Collected data
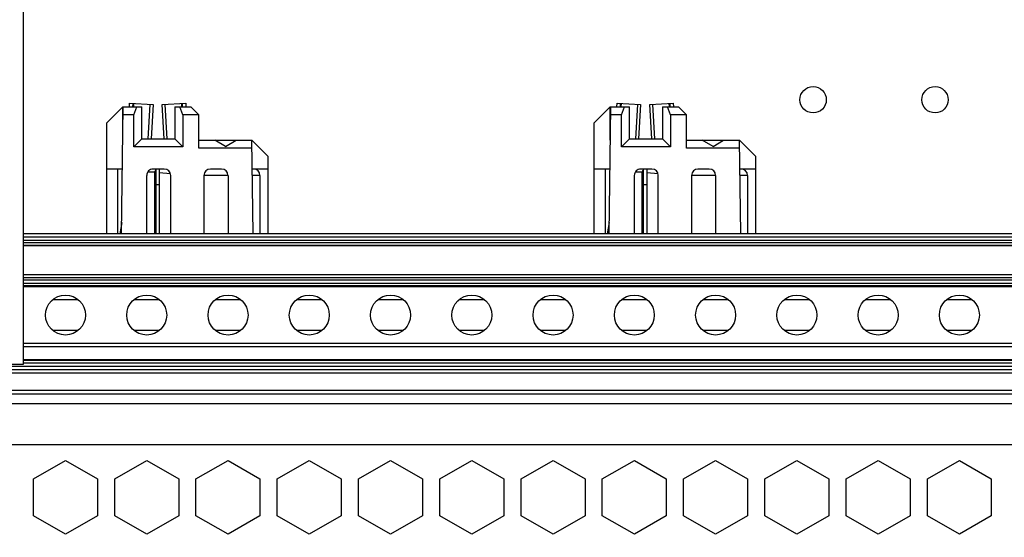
# Model space of a CAD drawing. Header units: inches. Extents: x 0 to 34, y 0 to 22.
# Tile 10 of 88: x 10.1 to 11.3, y 4.4 to 5. Entities that reach past the tile are written whole.
import ezdxf

# ---------------------------------------------------------------- set-up
doc = ezdxf.new("R2010")
doc.units = ezdxf.units.IN
doc.header["$LTSCALE"] = 1.87
doc.header["$MEASUREMENT"] = 0
doc.layers.get('0').update_dxf_attribs({"linetype": 'CONTINUOUS'})
doc.layers.add('02___PRT_ALL_AXES', color=7, linetype='CONTINUOUS')
doc.layers.add('DIMENSIONS', color=7, linetype='CONTINUOUS')
doc.styles.get("Standard").update_dxf_attribs({"font": 'txt', "width": 0.8})
doc.dimstyles.new('DIMSTYLE_1', dxfattribs={"dimtxt": 0.125, "dimasz": 0.18, "dimexe": 0.125, "dimexo": 0.0625, "dimgap": 0.0625, "dimtad": 0, "dimtih": 1, "dimtoh": 1, "dimlfac": 2, "dimdsep": 46, "dimtxsty": 'STANDARD', "dimblk": '_FILLED', "dimblk1": '_FILLED', "dimblk2": '_FILLED', "dimcen": 0.09, "dimadec": 0, "dimazin": 0, "dimtp": 0.001, "dimtm": 0.001, "dimtfac": 1, "dimtofl": 0, "dimtmove": 0, "dimatfit": 3, "dimldrblk": '_FILLED', "dimfxl": 1, "dimtolj": 1, "dimarcsym": 0})

# ---------------------------------------------------------------- blocks, each defined once
blk = doc.blocks.new('_FILLED')
at = {"color": 0, "linetype": 'BYBLOCK'}
blk.add_solid([(0, 0), (-1, 0.1736), (-1, -0.1736)], dxfattribs=at)
blk = doc.blocks.new('*D6')
at = {"layer": 'DIMENSIONS', "color": 2, "linetype": 'CONTINUOUS'}
for p, q in [((8.5355, 4.5729), (8.5355, 3.1039)), ((17.689, 4.5729), (17.689, 3.1039)), ((8.5355, 3.2289), (12.4373, 3.2289)), ((17.689, 3.2289), (13.7873, 3.2289))]:
    blk.add_line(p, q, dxfattribs=at)
at = {"layer": 'DIMENSIONS', "color": 2, "linetype": 'CONTINUOUS', "xscale": 0.18, "yscale": 0.18, "zscale": 0.18, "rotation": 180}
blk.add_blockref('_FILLED', (8.5355, 3.2289), dxfattribs=at)
at = {"layer": 'DIMENSIONS', "color": 2, "linetype": 'CONTINUOUS', "xscale": 0.18, "yscale": 0.18, "zscale": 0.18}
blk.add_blockref('_FILLED', (17.689, 3.2289), dxfattribs=at)
at = {"layer": 'DIMENSIONS', "color": 2, "linetype": 'CONTINUOUS', "insert": (13.1123, 3.2914), "char_height": 0.125, "width": 1.225, "attachment_point": 2, "line_spacing_factor": 0.9}
blk.add_mtext('465{\\Ftxt.shx;\\W1.000000;\\H0.125000; }[18.307]', dxfattribs=at)

msp = doc.modelspace()

# ---------------------------------------------------------------- linework, layer by layer
at = {"color": 7, "linetype": 'CONTINUOUS'}
for p, q in [((10.1103, 8.0045), (10.1103, 4.596)), ((10.213, 4.8937), (10.2327, 4.9134)), ((10.2313, 4.7569), (10.2332, 4.9134)), ((10.2327, 4.8721), (10.2327, 4.9134)), ((10.2327, 4.9134), (10.2564, 4.9134)), ((10.2409, 4.9134), (10.2411, 4.9176)), ((10.2411, 4.9176), (10.27, 4.916)), ((10.245, 4.9174), (10.2448, 4.9134)), ((10.246, 4.9173), (10.2458, 4.9134)), ((10.2466, 4.9036), (10.2502, 4.9134)), ((10.2564, 4.8741), (10.2564, 4.9134)), ((10.2642, 4.8741), (10.2666, 4.9162)), ((10.27, 4.916), (10.2676, 4.8741)), ((10.2813, 4.916), (10.3102, 4.9176)), ((10.2837, 4.8741), (10.2813, 4.916)), ((10.2847, 4.9162), (10.287, 4.8741)), ((10.2968, 4.9134), (10.2968, 4.8741)), ((10.2968, 4.9134), (10.3165, 4.9134)), ((10.3066, 4.9036), (10.303, 4.9134)), ((10.3055, 4.9134), (10.3053, 4.9173)), ((10.3064, 4.9134), (10.3062, 4.9174)), ((10.3102, 4.9176), (10.3104, 4.9134)), ((10.3165, 4.9134), (10.3263, 4.9036)), ((10.813, 4.8937), (10.8327, 4.9134)), ((10.8313, 4.7569), (10.8332, 4.9134)), ((10.8327, 4.8721), (10.8327, 4.9134)), ((10.8327, 4.9134), (10.8564, 4.9134)), ((10.8409, 4.9134), (10.8411, 4.9176)), ((10.8411, 4.9176), (10.87, 4.916)), ((10.845, 4.9174), (10.8448, 4.9134)), ((10.846, 4.9173), (10.8458, 4.9134)), ((10.8466, 4.9036), (10.8502, 4.9134)), ((10.8564, 4.8741), (10.8564, 4.9134)), ((10.8642, 4.8741), (10.8666, 4.9162)), ((10.87, 4.916), (10.8676, 4.8741)), ((10.8813, 4.916), (10.9102, 4.9176)), ((10.8837, 4.8741), (10.8813, 4.916)), ((10.8847, 4.9162), (10.887, 4.8741)), ((10.8968, 4.9134), (10.8968, 4.8741)), ((10.8968, 4.9134), (10.9165, 4.9134)), ((10.9066, 4.9036), (10.903, 4.9134)), ((10.9055, 4.9134), (10.9053, 4.9173)), ((10.9064, 4.9134), (10.9062, 4.9174)), ((10.9102, 4.9176), (10.9104, 4.9134)), ((10.9165, 4.9134), (10.9263, 4.9036)), ((10.2466, 4.9036), (10.2331, 4.9036)), ((10.2466, 4.8642), (10.2466, 4.9036)), ((10.3066, 4.9036), (10.3066, 4.8642)), ((10.3263, 4.9036), (10.3066, 4.9036)), ((10.3263, 4.8623), (10.3263, 4.9036)), ((10.8466, 4.9036), (10.8331, 4.9036)), ((10.8466, 4.8642), (10.8466, 4.9036)), ((10.9066, 4.9036), (10.9066, 4.8642)), ((10.9263, 4.9036), (10.9066, 4.9036)), ((10.9263, 4.8623), (10.9263, 4.9036)), ((10.213, 4.7569), (10.213, 4.8937)), ((10.813, 4.7569), (10.813, 4.8937)), ((10.2466, 4.8642), (10.2564, 4.8741)), ((10.2564, 4.8741), (10.2968, 4.8741)), ((10.2968, 4.8741), (10.3066, 4.8642)), ((10.3263, 4.8721), (10.3918, 4.8721)), ((10.3591, 4.8643), (10.3459, 4.8721)), ((10.3591, 4.8643), (10.3722, 4.8721)), ((10.3932, 4.7569), (10.3918, 4.8721)), ((10.3918, 4.8721), (10.4115, 4.8524)), ((10.8466, 4.8642), (10.8564, 4.8741)), ((10.8564, 4.8741), (10.8968, 4.8741)), ((10.8968, 4.8741), (10.9066, 4.8642)), ((10.9263, 4.8721), (10.9918, 4.8721)), ((10.9591, 4.8643), (10.9459, 4.8721)), ((10.9591, 4.8643), (10.9722, 4.8721)), ((10.9918, 4.8721), (11.0115, 4.8524)), ((10.9932, 4.7569), (10.9918, 4.8721)), ((10.3066, 4.8642), (10.2466, 4.8642)), ((10.3919, 4.8623), (10.3263, 4.8623)), ((10.9066, 4.8642), (10.8466, 4.8642)), ((10.9919, 4.8623), (10.9263, 4.8623)), ((10.4115, 4.8524), (10.4115, 4.7569)), ((11.0115, 4.8524), (11.0115, 4.7569)), ((10.2323, 4.8367), (10.213, 4.8367)), ((10.2269, 4.7569), (10.2269, 4.8367)), ((10.2839, 4.8367), (10.2701, 4.8367)), ((10.2737, 4.7575), (10.2737, 4.8367)), ((10.2776, 4.8367), (10.2776, 4.7575)), ((10.3544, 4.8367), (10.3406, 4.8367)), ((10.4115, 4.8367), (10.3922, 4.8367)), ((10.8323, 4.8367), (10.813, 4.8367)), ((10.8269, 4.7569), (10.8269, 4.8367)), ((10.8839, 4.8367), (10.8701, 4.8367)), ((10.8737, 4.7575), (10.8737, 4.8367)), ((10.8776, 4.8367), (10.8776, 4.7575)), ((10.9544, 4.8367), (10.9406, 4.8367)), ((11.0115, 4.8367), (10.9922, 4.8367)), ((10.2623, 4.7569), (10.2623, 4.8288)), ((10.2721, 4.8327), (10.2634, 4.8327)), ((10.2722, 4.8334), (10.2721, 4.8327)), ((10.2721, 4.7569), (10.2721, 4.8327)), ((10.2916, 4.8308), (10.2776, 4.8319)), ((10.2918, 4.7569), (10.2918, 4.8288)), ((10.3327, 4.8288), (10.3327, 4.7569)), ((10.3623, 4.8288), (10.3327, 4.8288)), ((10.3623, 4.8288), (10.3623, 4.7569)), ((10.4016, 4.8288), (10.3923, 4.8288)), ((10.4016, 4.8288), (10.4016, 4.7569)), ((10.8623, 4.7569), (10.8623, 4.8288)), ((10.8721, 4.8327), (10.8634, 4.8327)), ((10.8722, 4.8334), (10.8721, 4.8327)), ((10.8721, 4.7569), (10.8721, 4.8327)), ((10.8916, 4.8308), (10.8776, 4.8319)), ((10.8918, 4.7569), (10.8918, 4.8288)), ((10.9327, 4.8288), (10.9327, 4.7569)), ((10.9623, 4.8288), (10.9327, 4.8288)), ((10.9623, 4.8288), (10.9623, 4.7569)), ((11.0016, 4.8288), (10.9923, 4.8288)), ((11.0016, 4.8288), (11.0016, 4.7569)), ((10.2737, 4.8175), (10.2776, 4.8175)), ((10.8737, 4.8175), (10.8776, 4.8175)), ((10.2315, 4.7709), (10.229, 4.7569)), ((10.2314, 4.7638), (10.2302, 4.7638)), ((10.8315, 4.7709), (10.829, 4.7569)), ((10.8314, 4.7638), (10.8302, 4.7638)), ((17.318, 4.7569), (10.1103, 4.7569)), ((17.318, 4.753), (10.1103, 4.753)), ((10.1103, 4.7491), (17.318, 4.7491)), ((17.318, 4.7458), (10.1103, 4.7458)), ((10.1103, 4.743), (17.318, 4.743)), ((17.318, 4.7422), (10.1103, 4.7422)), ((17.318, 4.7067), (10.1103, 4.7064)), ((17.318, 4.7059), (10.1103, 4.7063)), ((10.1103, 4.7031), (17.318, 4.7031)), ((17.318, 4.6998), (10.1103, 4.6998)), ((17.318, 4.6959), (10.1103, 4.6959)), ((17.318, 4.6931), (10.1103, 4.6931)), ((10.1103, 4.692), (17.318, 4.692)), ((10.1469, 4.6762), (10.1776, 4.6762)), ((10.2469, 4.6762), (10.2776, 4.6762)), ((10.3469, 4.6762), (10.3776, 4.6762)), ((10.4469, 4.6762), (10.4776, 4.6762)), ((10.5469, 4.6762), (10.5776, 4.6762)), ((10.6469, 4.6762), (10.6776, 4.6762)), ((10.7469, 4.6762), (10.7776, 4.6762)), ((10.8469, 4.6762), (10.8776, 4.6762)), ((10.9469, 4.6762), (10.9776, 4.6762)), ((11.0469, 4.6762), (11.0776, 4.6762)), ((11.1469, 4.6762), (11.1776, 4.6762)), ((11.2469, 4.6762), (11.2776, 4.6762)), ((10.1776, 4.6378), (10.1469, 4.6378)), ((10.2776, 4.6378), (10.2469, 4.6378)), ((10.3776, 4.6378), (10.3469, 4.6378)), ((10.4776, 4.6378), (10.4469, 4.6378)), ((10.5776, 4.6378), (10.5469, 4.6378)), ((10.6776, 4.6378), (10.6469, 4.6378)), ((10.7776, 4.6378), (10.7469, 4.6378)), ((10.8776, 4.6378), (10.8469, 4.6378)), ((10.9776, 4.6378), (10.9469, 4.6378)), ((11.0776, 4.6378), (11.0469, 4.6378)), ((11.1776, 4.6378), (11.1469, 4.6378)), ((11.2776, 4.6378), (11.2469, 4.6378)), ((17.318, 4.6221), (10.1103, 4.6221)), ((10.1103, 4.6181), (17.318, 4.6181)), ((17.318, 4.5935), (8.9065, 4.5935)), ((10.1103, 4.596), (8.9162, 4.596)), ((17.318, 4.6014), (10.1103, 4.6018)), ((17.318, 4.6014), (10.1103, 4.6011)), ((10.1103, 4.5982), (17.318, 4.5982)), ((17.3623, 4.5896), (8.8623, 4.5896)), ((8.8623, 4.5857), (17.3623, 4.5857)), ((17.3623, 4.564), (8.8623, 4.564)), ((8.8623, 4.5601), (17.3623, 4.5601)), ((8.8731, 4.5483), (17.3514, 4.5483)), ((17.3514, 4.4971), (8.8731, 4.4971)), ((10.1229, 4.4553), (10.1623, 4.478)), ((10.1623, 4.478), (10.2016, 4.4553)), ((10.2229, 4.4553), (10.2623, 4.478)), ((10.2623, 4.478), (10.3016, 4.4553)), ((10.3229, 4.4553), (10.3623, 4.478)), ((10.3623, 4.478), (10.4016, 4.4553)), ((10.4229, 4.4553), (10.4623, 4.478)), ((10.4623, 4.478), (10.5016, 4.4553)), ((10.5229, 4.4553), (10.5623, 4.478)), ((10.5623, 4.478), (10.6016, 4.4553)), ((10.6229, 4.4553), (10.6623, 4.478)), ((10.6623, 4.478), (10.7016, 4.4553)), ((10.7229, 4.4553), (10.7623, 4.478)), ((10.7623, 4.478), (10.8016, 4.4553)), ((10.8229, 4.4553), (10.8623, 4.478)), ((10.8623, 4.478), (10.9016, 4.4553)), ((10.9229, 4.4553), (10.9623, 4.478)), ((10.9623, 4.478), (11.0016, 4.4553)), ((11.0229, 4.4553), (11.0623, 4.478)), ((11.0623, 4.478), (11.1016, 4.4553)), ((11.1229, 4.4553), (11.1623, 4.478)), ((11.1623, 4.478), (11.2016, 4.4553)), ((11.2229, 4.4553), (11.2623, 4.478)), ((11.2623, 4.478), (11.3016, 4.4553)), ((10.1229, 4.4099), (10.1229, 4.4553)), ((10.2016, 4.4553), (10.2016, 4.4099)), ((10.2229, 4.4099), (10.2229, 4.4553)), ((10.3016, 4.4553), (10.3016, 4.4099)), ((10.3229, 4.4099), (10.3229, 4.4553)), ((10.4016, 4.4553), (10.4016, 4.4099)), ((10.4229, 4.4099), (10.4229, 4.4553)), ((10.5016, 4.4553), (10.5016, 4.4099)), ((10.5229, 4.4099), (10.5229, 4.4553)), ((10.6016, 4.4553), (10.6016, 4.4099)), ((10.6229, 4.4099), (10.6229, 4.4553)), ((10.7016, 4.4553), (10.7016, 4.4099)), ((10.7229, 4.4099), (10.7229, 4.4553)), ((10.8016, 4.4553), (10.8016, 4.4099)), ((10.8229, 4.4099), (10.8229, 4.4553)), ((10.9016, 4.4553), (10.9016, 4.4099)), ((10.9229, 4.4099), (10.9229, 4.4553)), ((11.0016, 4.4553), (11.0016, 4.4099)), ((11.0229, 4.4099), (11.0229, 4.4553)), ((11.1016, 4.4553), (11.1016, 4.4099)), ((11.1229, 4.4099), (11.1229, 4.4553)), ((11.2016, 4.4553), (11.2016, 4.4099)), ((11.2229, 4.4099), (11.2229, 4.4553)), ((11.3016, 4.4553), (11.3016, 4.4099)), ((10.1623, 4.3871), (10.1229, 4.4099)), ((10.2016, 4.4099), (10.1623, 4.3871)), ((10.2623, 4.3871), (10.2229, 4.4099)), ((10.3016, 4.4099), (10.2623, 4.3871)), ((10.3623, 4.3871), (10.3229, 4.4099)), ((10.4016, 4.4099), (10.3623, 4.3871)), ((10.4623, 4.3871), (10.4229, 4.4099)), ((10.5016, 4.4099), (10.4623, 4.3871)), ((10.5623, 4.3871), (10.5229, 4.4099)), ((10.6016, 4.4099), (10.5623, 4.3871)), ((10.6623, 4.3871), (10.6229, 4.4099)), ((10.7016, 4.4099), (10.6623, 4.3871)), ((10.7623, 4.3871), (10.7229, 4.4099)), ((10.8016, 4.4099), (10.7623, 4.3871)), ((10.8623, 4.3871), (10.8229, 4.4099)), ((10.9016, 4.4099), (10.8623, 4.3871)), ((10.9623, 4.3871), (10.9229, 4.4099)), ((11.0016, 4.4099), (10.9623, 4.3871)), ((11.0623, 4.3871), (11.0229, 4.4099)), ((11.1016, 4.4099), (11.0623, 4.3871)), ((11.1623, 4.3871), (11.1229, 4.4099)), ((11.2016, 4.4099), (11.1623, 4.3871)), ((11.2623, 4.3871), (11.2229, 4.4099)), ((11.3016, 4.4099), (11.2623, 4.3871))]:
    msp.add_line(p, q, dxfattribs=at)
for centre in [(10.1623, 4.657), (10.2623, 4.657), (10.3623, 4.657), (10.4623, 4.657), (10.5623, 4.657), (10.6623, 4.657), (10.7623, 4.657), (10.8623, 4.657), (10.9623, 4.657), (11.0623, 4.657), (11.1623, 4.657), (11.2623, 4.657)]:
    msp.add_circle(centre, 0.0246, dxfattribs=at)
for centre, start, end in [((10.2701, 4.8288), 90, 180.0085), ((10.2839, 4.8288), 0.001, 89.999), ((10.3406, 4.8288), 89.9999, 179.9987), ((10.3544, 4.8288), 0.0026, 90), ((10.8701, 4.8288), 90, 180.0085), ((10.8839, 4.8288), 0.001, 89.999), ((10.9406, 4.8288), 89.9999, 179.9987), ((10.9544, 4.8288), 0.0026, 90)]:
    msp.add_arc(centre, 0.00787, start, end, dxfattribs=at)
for centre in [(10.3937, 4.8288), (10.9937, 4.8288)]:
    msp.add_ellipse(centre, major_axis=(0.00787, -0.00001), ratio=0.999997, start_param=0.001859, end_param=1.572655, dxfattribs=at)
for points, knots in [([(10.2737, 4.8358), (10.2735, 4.8356), (10.2727, 4.835), (10.2723, 4.8341), (10.2722, 4.8334)], [0, 0, 0, 0, 0.23443, 1, 1, 1, 1]), ([(10.8737, 4.8358), (10.8735, 4.8356), (10.8727, 4.835), (10.8723, 4.8341), (10.8722, 4.8334)], [0, 0, 0, 0, 0.23443, 1, 1, 1, 1]), ([(10.2736, 4.8324), (10.2732, 4.8324), (10.2727, 4.8325), (10.2722, 4.8326), (10.2721, 4.8327), (10.2721, 4.8327)], [0, 0, 0, 0, 0.717951, 0.908563, 1, 1, 1, 1]), ([(10.8736, 4.8324), (10.8732, 4.8324), (10.8727, 4.8325), (10.8722, 4.8326), (10.8721, 4.8327), (10.8721, 4.8327)], [0, 0, 0, 0, 0.717951, 0.908563, 1, 1, 1, 1])]:
    msp.add_open_spline(points, degree=3, knots=knots, dxfattribs=at)
at = {"layer": '02___PRT_ALL_AXES', "color": 7, "linetype": 'CONTINUOUS'}
for centre in [(11.0823, 4.922), (11.2323, 4.922)]:
    msp.add_circle(centre, 0.0162, dxfattribs=at)

# ---------------------------------------------------------------- dimensions: what is measured, and where the dimension line sits
at = {"layer": 'DIMENSIONS', "color": 2, "linetype": 'CONTINUOUS'}
dim = msp.add_linear_dim(base=(17.689, 3.2289), p1=(8.5355, 4.6354), p2=(17.689, 4.6354), dimstyle='DIMSTYLE_1', dxfattribs=at)
dim.commit()
dim.dimension.update_dxf_attribs({"geometry": '*D6', "text_midpoint": (13.1123, 3.2289), "dimtype": 160})

doc.saveas('drawing.dxf')

#### TASK DIRECTIONS
Your answer should be a single number: the count of lines in the records that contain "ezdxf".

#### REPLY
3